Prejudging Revelation: Why The Left Behind Series Invites More Stories
/With over a dozen books, the sweeping Left Behind series has sold over sixty million copies. It has spawned movies. Even a recent Nic Cage sighting!
But the books aren’t just a story. They’re based on author Tim LaHaye’s premillennial view. Many have embraced that view after reading the books. That’s the power of story. The thing is, there are other stories to tell. Lots of them.
Revelation draws competing theories (check out my first and second posts on this wild old book). It also draws stories. And even if no human will ever get it right, these stories can help us.
What Many Pre-Millenialists Believe Today
The premise of the Left Behind books is that, sometime soon, all Christians will vanish and go to heaven (the Rapture). The next seven years will witness wild disasters on earth (the Tribulation). Billions will die during this time. An evil man called the Antichrist will come to power.

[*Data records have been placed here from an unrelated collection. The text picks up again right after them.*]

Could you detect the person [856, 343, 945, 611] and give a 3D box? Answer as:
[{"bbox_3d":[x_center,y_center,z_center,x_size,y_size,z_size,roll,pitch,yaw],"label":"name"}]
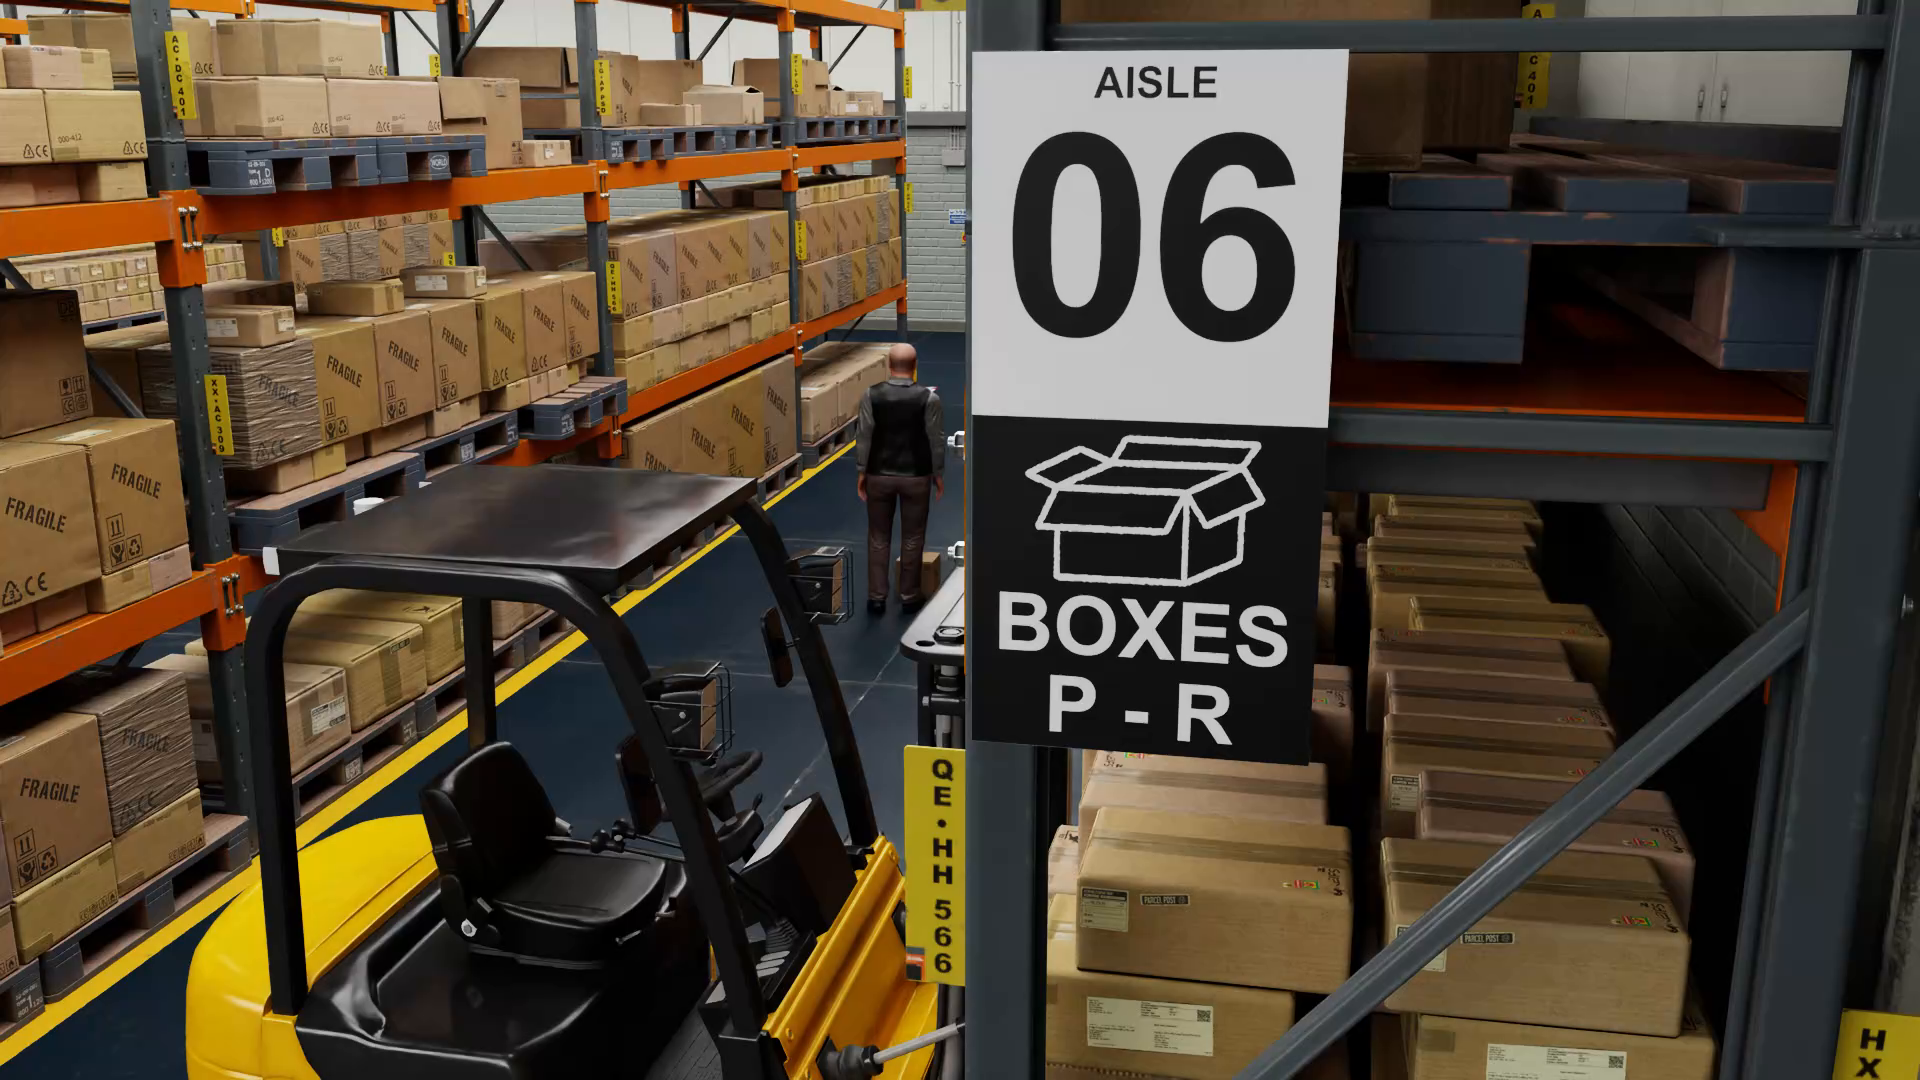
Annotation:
[{"bbox_3d":[-0.361,-0.374,10.488,0.557,1.752,0.446,1,15,5],"label":"person"}]
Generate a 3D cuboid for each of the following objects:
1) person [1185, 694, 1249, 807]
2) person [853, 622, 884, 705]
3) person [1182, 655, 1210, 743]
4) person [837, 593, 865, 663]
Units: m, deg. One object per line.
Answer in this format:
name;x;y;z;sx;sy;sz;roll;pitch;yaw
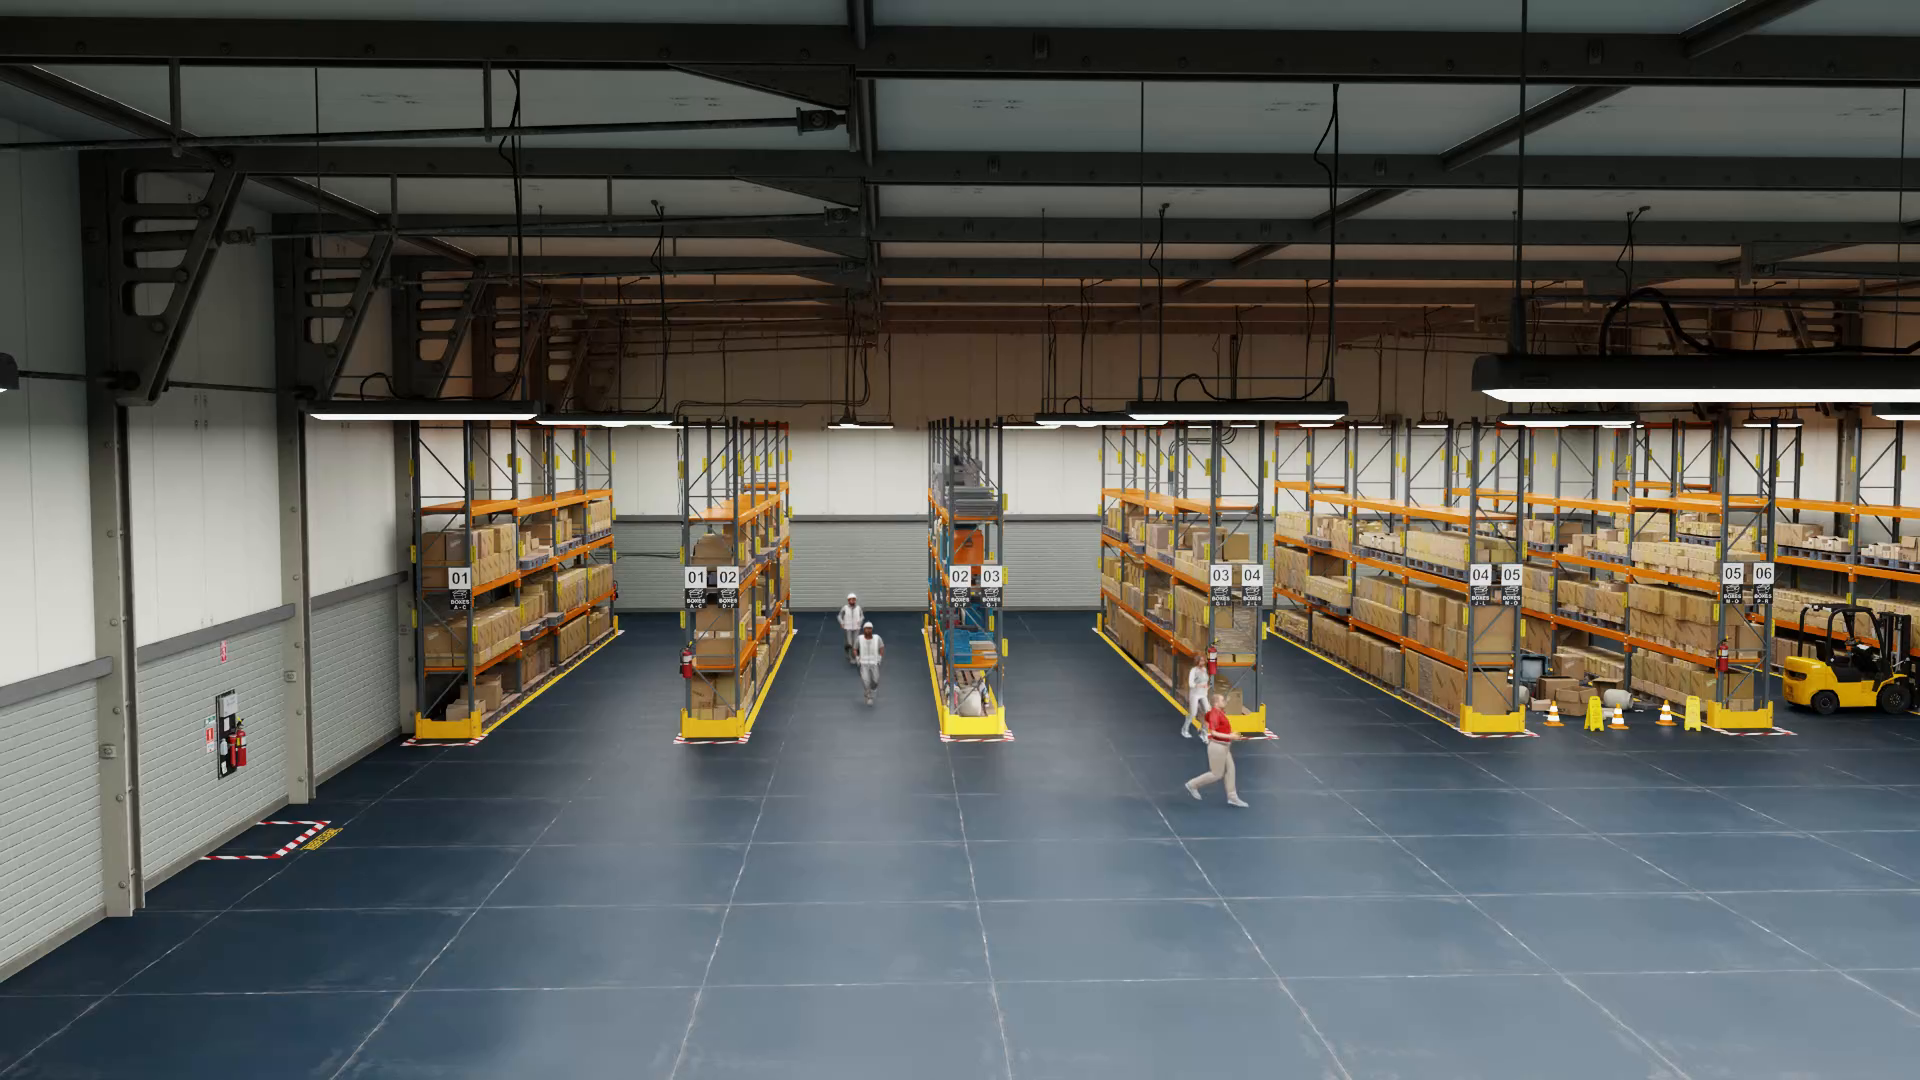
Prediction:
person;3.949;3.200;25.340;0.902;1.715;0.664;1;4;16
person;-1.911;2.582;34.809;0.665;1.736;0.590;0;4;-6
person;4.398;2.935;30.697;0.557;1.665;0.713;-3;4;-34
person;-2.660;2.186;40.976;0.652;1.729;0.569;-1;4;-15

Then Christ will come again to defeat this man, save the Christians, and rule on earth for one thousand years. That long stretch is the Millennium.
No doubt, it makes for a fascinating story. But the storyteller wields power. He shapes minds before they know they’re being shaped. When that story is about the end of the world, readers might prejudge a profound mystery without even realizing it. This risk is even greater when the storyteller writes as if he reveals an unquestionable truth.
Where is the line between fiction and prophecy?
The Unsettling Certainty of Tim LaHaye
In his book Revelation Unveiled, LaHaye explains his pre-millenial view. The book casts aside other interpretations of Revelation in a few short sentences. It calls the historical view “unsound,” the spiritualized view as a “most untenable position,” and the preterist view as “mental gymnastics.” When much of church history has been behind the “untenable position,” it might be worth a little more serious consideration (like this lengthy study).
Even for those within the pre-millenial camp, Tim LaHaye’s “Pre-Trib Research Center” has used strong, combative words for those who don’t share its exact views. LaHaye’s colleague Thomas Ice recently wrote an article responding to church leader John Piper, who had explained counterarguments to the Rapture. The article said that those like Piper “appear to be on a crusade against the New Testament teaching of the pre-trib rapture doctrine.”
Really, “a crusade”? Shouldn’t this be more like an argument, or better yet a conversation, about what an incredibly difficult and complex text means? Shouldn’t we welcome different views from serious thinkers?
The irony, of course, is that Tim LaHaye and his camp might be right. The pre-millennial interpretations and arguments are plausible. This is why it’s a good thing that the Left Behind story was told. But it’s a bad thing if people think that’s the only version of the story.
The mistake is one of certainty. Think about an uncertain weather forecast: 50% chance of rain. Do you ignore the forecast? That’s like ignoring Revelation. Risky move. Or do you check the forecast but choose to believe, beyond a shadow of doubt, that the clouds will stay away? If they don’t, you’ll get soaked. That’s like reading and accepting Left Behind as the gospel truth.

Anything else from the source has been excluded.